When debates began around the Stranded Gas Development Act in 2005, Heinze brought Cole’s concerns before the Regulatory Commission of Alaska.

“They concluded that their statute was in need of change,” Heinze said on June 20.

After examining the issue and holding a public hearing, then-RCA Chair Kate Giard sent a letter to then-Gov. Frank Murkowski asking him to include a revision to the statute in the package of Stranded Gas Development Act legislation before state lawmakers.

However, the failure of that bill to produce a pipeline and the failure of Murkowski to win re-election made in the issue moot again, until now.

Heinze wants lawmakers to repeal the provisions along with the larger decision of whether or not to give a state license to TransCanada under the Alaska Gasline Inducement Act.

“Absent this change, we don’t believe an in-state open season can be held,” Heinze told lawmakers during hearings in Anchorage over AGIA.
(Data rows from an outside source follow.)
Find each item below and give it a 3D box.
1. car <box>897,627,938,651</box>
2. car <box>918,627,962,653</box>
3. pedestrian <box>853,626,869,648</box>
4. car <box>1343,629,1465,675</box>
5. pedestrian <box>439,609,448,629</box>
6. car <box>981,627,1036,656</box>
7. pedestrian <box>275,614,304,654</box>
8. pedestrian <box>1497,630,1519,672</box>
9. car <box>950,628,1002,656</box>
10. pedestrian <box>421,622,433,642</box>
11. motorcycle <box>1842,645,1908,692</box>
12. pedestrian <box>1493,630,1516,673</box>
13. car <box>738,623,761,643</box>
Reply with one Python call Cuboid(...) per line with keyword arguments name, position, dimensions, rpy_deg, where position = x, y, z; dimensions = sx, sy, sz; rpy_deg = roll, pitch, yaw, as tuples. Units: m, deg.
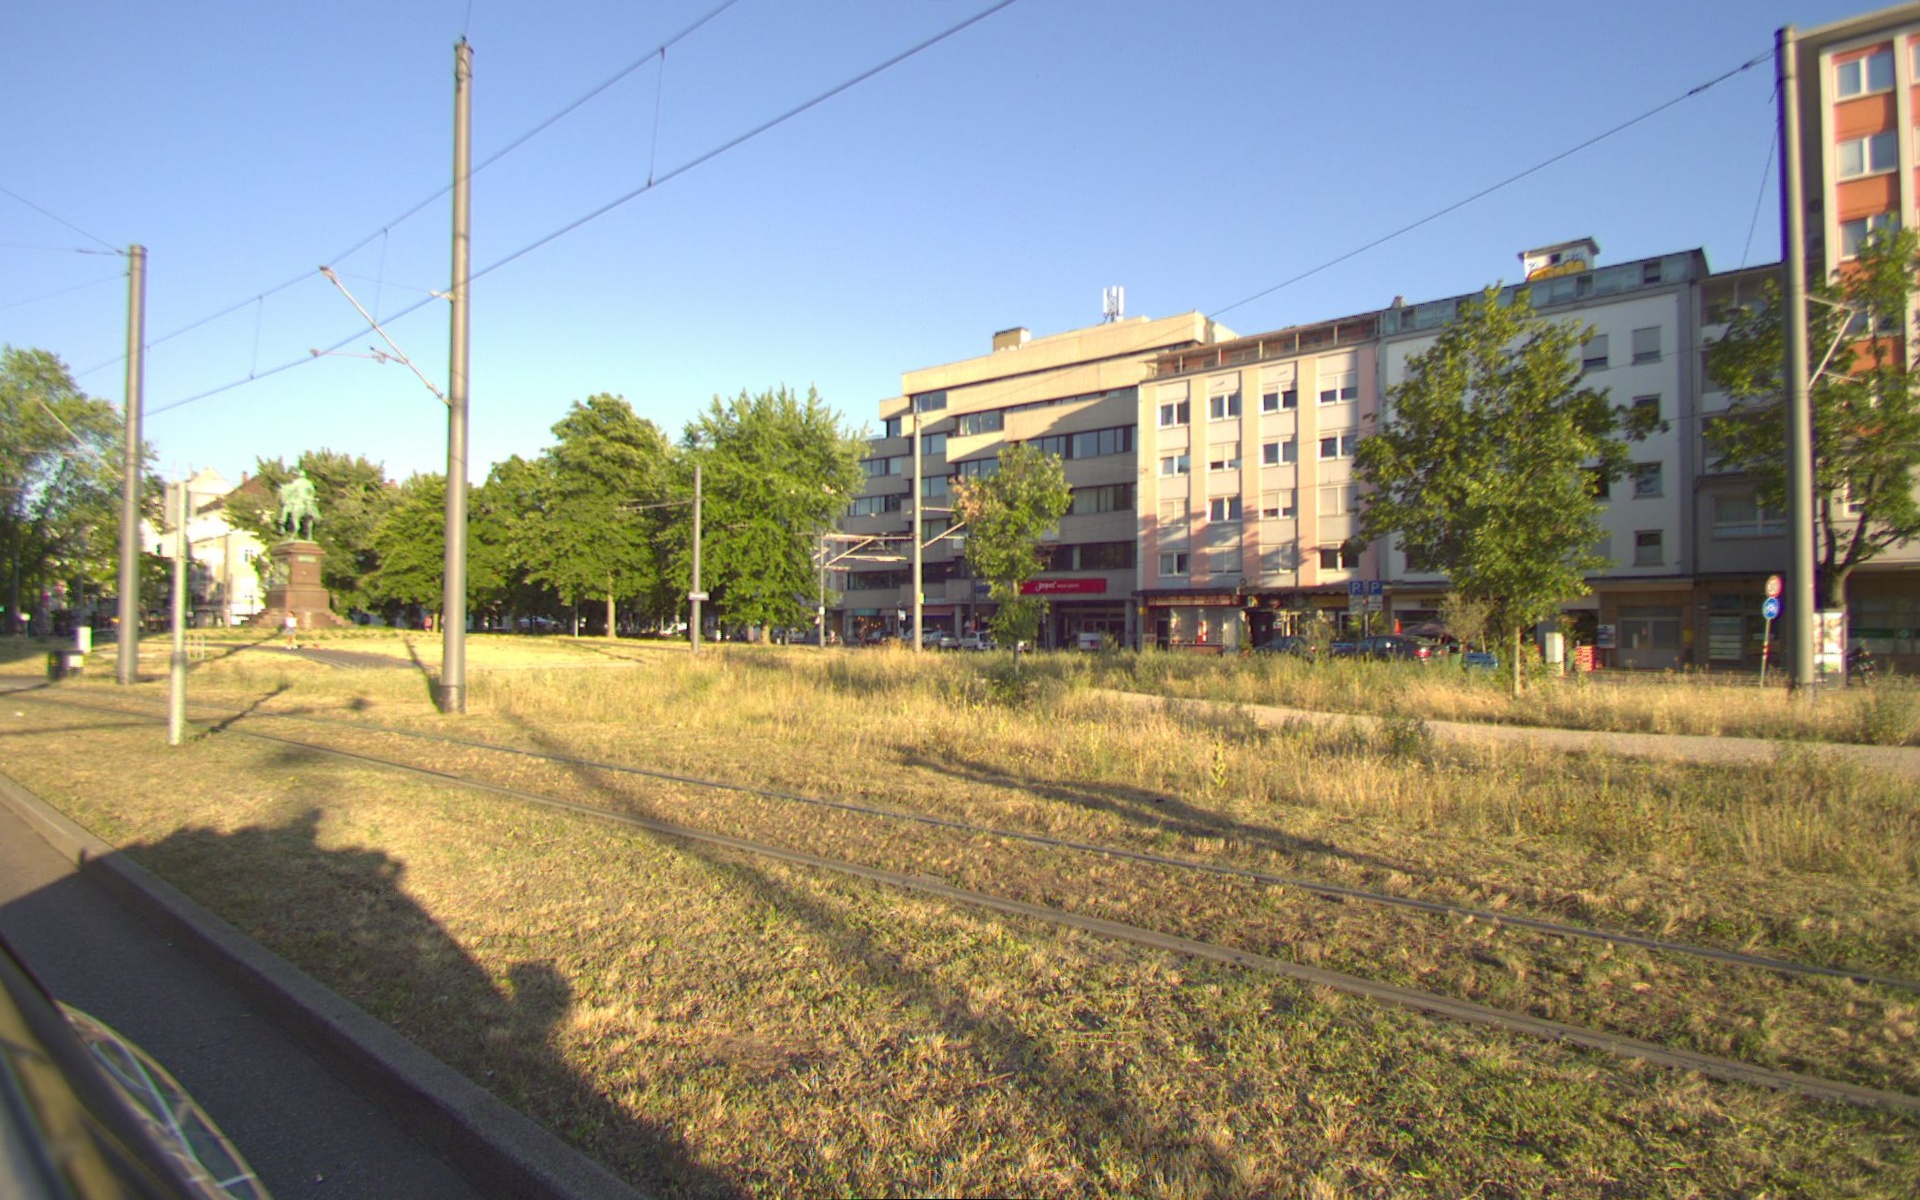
Cuboid(name="car", position=(-3.461, 3.130, 81.969), dimensions=(1.965, 1.951, 4.013), rpy_deg=(1, -2, -25))
Cuboid(name="car", position=(-1.536, 3.009, 77.062), dimensions=(1.965, 1.893, 4.013), rpy_deg=(1, -2, -23))
Cuboid(name="pedestrian", position=(-9.151, 3.405, 93.689), dimensions=(0.892, 2.051, 1.123), rpy_deg=(-2, -2, 43))
Cuboid(name="car", position=(17.259, 1.992, 39.519), dimensions=(1.965, 1.697, 4.012), rpy_deg=(1, -2, -28))
Cuboid(name="pedestrian", position=(-43.440, 1.609, 85.061), dimensions=(0.512, 1.707, 0.528), rpy_deg=(-1, -2, 41))
Cuboid(name="car", position=(3.183, 2.713, 66.930), dimensions=(1.892, 1.878, 4.013), rpy_deg=(1, -2, -27))
Cuboid(name="pedestrian", position=(-29.679, 1.505, 44.778), dimensions=(0.797, 1.741, 0.880), rpy_deg=(-2, -2, 41))
Cuboid(name="pedestrian", position=(23.301, 2.168, 43.016), dimensions=(0.698, 1.764, 0.642), rpy_deg=(-2, -2, 41))
Cuboid(name="car", position=(1.094, 2.940, 71.523), dimensions=(1.965, 1.893, 4.013), rpy_deg=(1, -2, -27))
Cuboid(name="pedestrian", position=(-44.641, 2.647, 84.742), dimensions=(0.635, 1.682, 0.702), rpy_deg=(-1, -2, 41))
Cuboid(name="motorcycle", position=(26.580, 1.979, 29.419), dimensions=(1.390, 1.328, 0.376), rpy_deg=(-2, -2, 43))
Cuboid(name="pedestrian", position=(22.884, 2.162, 42.521), dimensions=(0.704, 1.806, 0.587), rpy_deg=(-2, -2, 41))
Cuboid(name="car", position=(-23.531, 3.666, 113.107), dimensions=(1.966, 2.029, 4.012), rpy_deg=(-1, 0, -18))

RCA also wants more funding

ANGDA plans to ask the Palin administration to make these changes, just as it asked the Murkowski administration several years ago, Heinze told the RCA on June 25.

Giard, now a regular commissioner, said she planned to use the opportunity to ask for additional funding and staff for the RCA to handle the additional workload associated with any natural gas pipeline, whether it be from TransCanada or from Denali, a competing plan backed by BP and ConocoPhillips.

“I think the reality is that the agency is going to be working on this pipeline long before we’re collecting RCCs,” Giard said, referring to the Regulatory Cost Charge the commission levies on utilities as a major source of income.